サブスタックからの流出について既存メディアに警鐘を鳴らすよう助言したサンドバーグ氏でさえ、Statusの記者に対し、新規参入者にとってのチャンスは閉ざされつつあるかもしれないと語った。「今から始めるのは避けたいですね」と彼女は言った。

Substackは、そのルーツから方向転換しようとしているようだ。創業者たちと初めて会ったのは、彼らがYコンビネーターのブートキャンプのような経験をしていた頃で、彼らはジャーナリズムの向上を目指す彼らの活動について熱心に私に売り込んできた。しかし今、Substackの「About(概要)」ページは、このサイトを「素晴らしい文化の拠点」と宣伝し、「多様なクリエイターによる世界クラスの動画、ポッドキャスト、記事を発見できる新しいメディアアプリ」と表現している。

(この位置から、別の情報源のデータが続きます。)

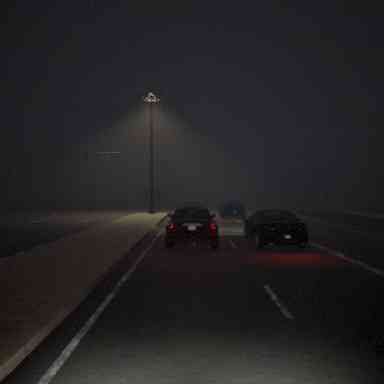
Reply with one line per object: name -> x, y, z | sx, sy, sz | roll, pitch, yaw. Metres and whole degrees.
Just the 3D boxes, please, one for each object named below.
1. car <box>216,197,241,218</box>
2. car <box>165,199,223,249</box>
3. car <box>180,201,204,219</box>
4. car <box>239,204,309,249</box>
car -> 3.500, 1.484, 29.618 | 1.882, 1.535, 5.008 | 0, 0, 0
car -> 0.000, 1.365, 14.588 | 2.097, 1.767, 4.553 | 0, 0, 0
car -> 0.000, 1.571, 29.618 | 1.994, 1.385, 4.181 | 0, 0, 0
car -> 3.500, 1.484, 14.618 | 1.882, 1.535, 5.008 | 0, 0, 0

クリエイターの作品の階層構造において、「ライティング」は最下位に位置している点に留意してください。Substackは本当に自社のクリエイター動画がTikTokやMetaと競合できると考えているのでしょうか?(Substackは幹部にコメントを求めたが、回答は得られなかった。)

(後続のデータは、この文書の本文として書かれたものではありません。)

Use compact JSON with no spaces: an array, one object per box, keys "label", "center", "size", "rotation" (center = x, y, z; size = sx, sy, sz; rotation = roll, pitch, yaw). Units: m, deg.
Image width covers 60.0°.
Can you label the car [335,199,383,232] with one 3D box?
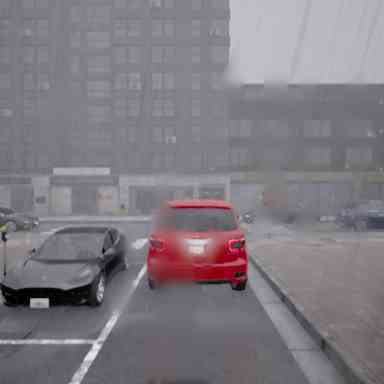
[{"label":"car","center":[10.528,1.276,18.510],"size":[4.553,1.767,2.097],"rotation":[0,0,0]}]

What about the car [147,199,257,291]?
[{"label":"car","center":[0.154,1.197,9.065],"size":[2.150,2.045,5.566],"rotation":[0,0,1]}]

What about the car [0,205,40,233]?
[{"label":"car","center":[-11.047,1.473,18.531],"size":[4.892,1.490,1.837],"rotation":[1,0,0]}]

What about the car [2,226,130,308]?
[{"label":"car","center":[-2.635,1.543,7.926],"size":[1.947,1.339,4.313],"rotation":[0,0,0]}]

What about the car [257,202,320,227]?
[{"label":"car","center":[5.676,1.423,21.469],"size":[4.892,1.490,1.837],"rotation":[0,0,0]}]

一方、モランは仕事のことは気にせず、反トランプのコメントを投稿し続けている。彼には10万人以上のチャンネル登録者がいるが、そのうち何人が彼に報酬を払っているのかは不明だ。私は彼の無料プランで彼のコメントを読んだり、動画投稿を視聴したりしている。彼に報酬を支払うつもりなどない。私は既にケーブルテレビでABCニュースを視聴しているし、12近くの出版物を有料購読しているし、もちろん、私か妻が年額または月額で請求されるSubstackのサブスクリプションもたくさんある。これらのサブスクリプションには、ジェームズ・ファローズ、ジョナサン・アルター、ジョイス・ワドラー、そして彼が「Tuesday Morning Quarterback」を執筆している月にはグレッグ・イースターブルックも含まれている。

一人の声に高い料金を払うのは大変ですが、彼らのライター陣にはそれだけの価値があると思っています。ただ、彼らがかつて執筆していた老舗の出版物が今でも彼らを雇用してくれれば、アラカルトで料金を払わなくて済むのにと思います。